Records from a data collection
- Opening Delimiter -

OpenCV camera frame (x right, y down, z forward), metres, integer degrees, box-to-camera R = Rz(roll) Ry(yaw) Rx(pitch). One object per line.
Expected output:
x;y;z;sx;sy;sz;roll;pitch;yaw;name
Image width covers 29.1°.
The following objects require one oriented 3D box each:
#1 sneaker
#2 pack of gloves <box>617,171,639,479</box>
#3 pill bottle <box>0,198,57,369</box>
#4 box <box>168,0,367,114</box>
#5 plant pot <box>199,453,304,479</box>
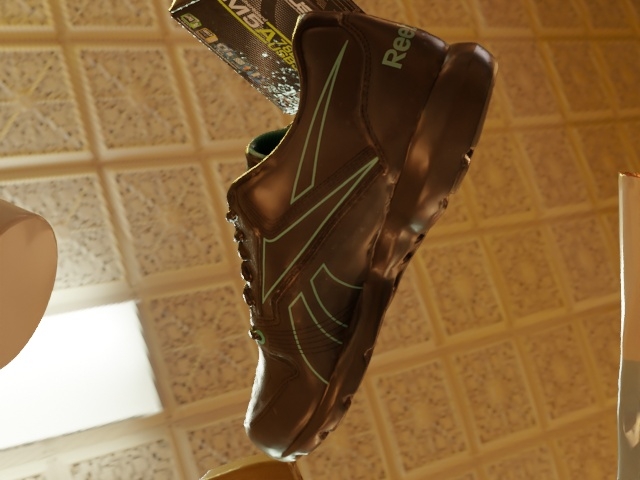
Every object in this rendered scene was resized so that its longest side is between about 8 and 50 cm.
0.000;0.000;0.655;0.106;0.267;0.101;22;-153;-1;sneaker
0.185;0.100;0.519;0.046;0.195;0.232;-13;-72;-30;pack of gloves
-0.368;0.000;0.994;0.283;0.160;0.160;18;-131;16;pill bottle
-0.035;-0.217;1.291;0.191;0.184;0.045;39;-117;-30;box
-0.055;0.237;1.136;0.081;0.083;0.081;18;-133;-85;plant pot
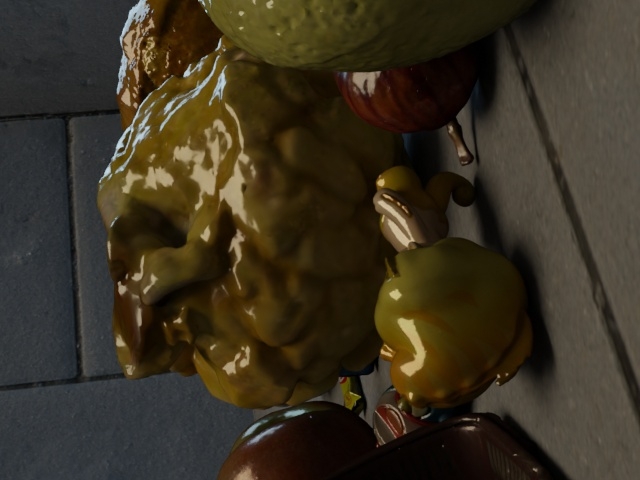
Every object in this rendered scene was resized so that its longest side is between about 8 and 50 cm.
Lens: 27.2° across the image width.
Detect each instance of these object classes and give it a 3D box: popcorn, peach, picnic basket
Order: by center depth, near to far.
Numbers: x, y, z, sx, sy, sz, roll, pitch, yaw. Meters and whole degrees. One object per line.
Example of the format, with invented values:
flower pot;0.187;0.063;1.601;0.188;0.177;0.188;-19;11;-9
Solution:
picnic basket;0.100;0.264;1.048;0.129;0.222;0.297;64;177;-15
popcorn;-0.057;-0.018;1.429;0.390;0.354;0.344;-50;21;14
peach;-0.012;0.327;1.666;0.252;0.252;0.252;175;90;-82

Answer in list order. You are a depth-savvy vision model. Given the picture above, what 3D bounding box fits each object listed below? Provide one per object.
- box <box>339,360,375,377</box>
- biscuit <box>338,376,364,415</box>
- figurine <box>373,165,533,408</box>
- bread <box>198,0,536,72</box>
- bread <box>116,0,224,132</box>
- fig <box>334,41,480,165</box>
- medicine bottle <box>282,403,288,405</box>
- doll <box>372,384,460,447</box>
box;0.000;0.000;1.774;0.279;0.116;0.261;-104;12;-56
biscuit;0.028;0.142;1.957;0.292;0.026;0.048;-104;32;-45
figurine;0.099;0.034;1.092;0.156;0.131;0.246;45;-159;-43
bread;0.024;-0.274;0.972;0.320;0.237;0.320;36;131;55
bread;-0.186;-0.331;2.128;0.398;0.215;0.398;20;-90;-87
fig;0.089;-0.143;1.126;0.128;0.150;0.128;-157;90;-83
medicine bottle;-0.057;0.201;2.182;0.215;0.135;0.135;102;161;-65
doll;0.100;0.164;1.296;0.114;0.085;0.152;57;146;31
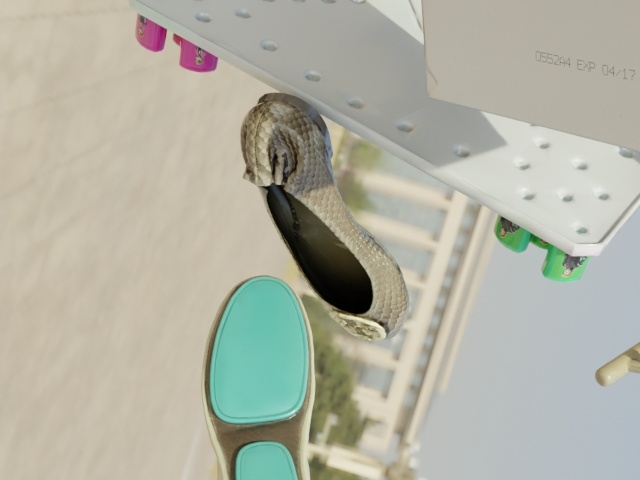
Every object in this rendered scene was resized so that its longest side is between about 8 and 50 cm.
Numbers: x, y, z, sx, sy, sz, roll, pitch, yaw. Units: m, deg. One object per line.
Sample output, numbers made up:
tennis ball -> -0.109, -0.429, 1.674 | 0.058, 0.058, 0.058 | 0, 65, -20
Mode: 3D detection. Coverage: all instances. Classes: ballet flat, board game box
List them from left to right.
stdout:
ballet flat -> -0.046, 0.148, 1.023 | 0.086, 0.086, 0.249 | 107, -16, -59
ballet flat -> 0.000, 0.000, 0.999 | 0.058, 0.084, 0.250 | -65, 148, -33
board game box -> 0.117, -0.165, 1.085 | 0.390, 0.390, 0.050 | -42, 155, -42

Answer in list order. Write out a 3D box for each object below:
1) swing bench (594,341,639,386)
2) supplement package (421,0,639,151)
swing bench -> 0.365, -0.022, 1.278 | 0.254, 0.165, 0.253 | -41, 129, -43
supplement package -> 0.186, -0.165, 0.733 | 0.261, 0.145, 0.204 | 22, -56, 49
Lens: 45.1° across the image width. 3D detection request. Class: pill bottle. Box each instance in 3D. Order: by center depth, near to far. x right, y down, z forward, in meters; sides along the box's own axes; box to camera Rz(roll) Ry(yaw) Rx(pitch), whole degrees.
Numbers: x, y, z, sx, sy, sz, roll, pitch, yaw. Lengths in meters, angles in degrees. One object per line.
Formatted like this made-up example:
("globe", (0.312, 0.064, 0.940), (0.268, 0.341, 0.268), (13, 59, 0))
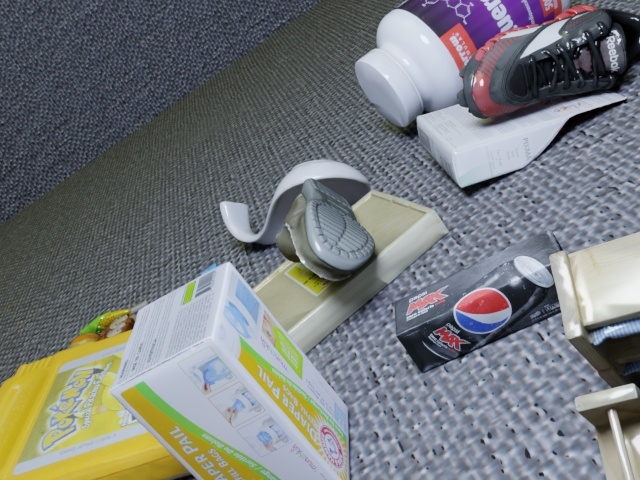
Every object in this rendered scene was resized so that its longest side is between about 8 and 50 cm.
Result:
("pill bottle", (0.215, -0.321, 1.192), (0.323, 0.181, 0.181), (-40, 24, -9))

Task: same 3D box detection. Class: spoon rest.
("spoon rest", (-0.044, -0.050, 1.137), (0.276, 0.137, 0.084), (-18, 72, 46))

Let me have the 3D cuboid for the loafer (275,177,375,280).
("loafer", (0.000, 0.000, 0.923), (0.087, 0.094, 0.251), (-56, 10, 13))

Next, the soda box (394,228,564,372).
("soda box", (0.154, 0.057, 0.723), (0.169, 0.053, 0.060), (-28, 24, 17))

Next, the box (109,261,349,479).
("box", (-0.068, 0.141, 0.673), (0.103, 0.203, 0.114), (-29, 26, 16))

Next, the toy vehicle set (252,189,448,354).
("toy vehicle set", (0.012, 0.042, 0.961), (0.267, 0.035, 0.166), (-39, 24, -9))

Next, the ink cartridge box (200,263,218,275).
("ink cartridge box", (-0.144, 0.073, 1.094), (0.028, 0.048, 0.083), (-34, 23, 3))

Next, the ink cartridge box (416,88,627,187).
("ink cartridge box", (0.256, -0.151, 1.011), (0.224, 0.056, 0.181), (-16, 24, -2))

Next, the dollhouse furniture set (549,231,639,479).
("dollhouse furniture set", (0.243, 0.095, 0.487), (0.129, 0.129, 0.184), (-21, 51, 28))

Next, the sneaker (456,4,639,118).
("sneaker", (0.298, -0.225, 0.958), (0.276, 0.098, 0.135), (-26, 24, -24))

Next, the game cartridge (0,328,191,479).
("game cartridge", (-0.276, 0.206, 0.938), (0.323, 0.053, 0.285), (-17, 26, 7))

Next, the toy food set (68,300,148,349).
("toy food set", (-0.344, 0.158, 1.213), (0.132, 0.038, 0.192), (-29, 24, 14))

- Closing Delimiter -

Aim of the exercise —
Write out again, exactly, the line containing "Next, the soda box (394,228,564,372)." and every later line of the records. Omit the rest.

Problem solution —
Next, the soda box (394,228,564,372).
("soda box", (0.154, 0.057, 0.723), (0.169, 0.053, 0.060), (-28, 24, 17))

Next, the box (109,261,349,479).
("box", (-0.068, 0.141, 0.673), (0.103, 0.203, 0.114), (-29, 26, 16))

Next, the toy vehicle set (252,189,448,354).
("toy vehicle set", (0.012, 0.042, 0.961), (0.267, 0.035, 0.166), (-39, 24, -9))

Next, the ink cartridge box (200,263,218,275).
("ink cartridge box", (-0.144, 0.073, 1.094), (0.028, 0.048, 0.083), (-34, 23, 3))

Next, the ink cartridge box (416,88,627,187).
("ink cartridge box", (0.256, -0.151, 1.011), (0.224, 0.056, 0.181), (-16, 24, -2))

Next, the dollhouse furniture set (549,231,639,479).
("dollhouse furniture set", (0.243, 0.095, 0.487), (0.129, 0.129, 0.184), (-21, 51, 28))

Next, the sneaker (456,4,639,118).
("sneaker", (0.298, -0.225, 0.958), (0.276, 0.098, 0.135), (-26, 24, -24))

Next, the game cartridge (0,328,191,479).
("game cartridge", (-0.276, 0.206, 0.938), (0.323, 0.053, 0.285), (-17, 26, 7))

Next, the toy food set (68,300,148,349).
("toy food set", (-0.344, 0.158, 1.213), (0.132, 0.038, 0.192), (-29, 24, 14))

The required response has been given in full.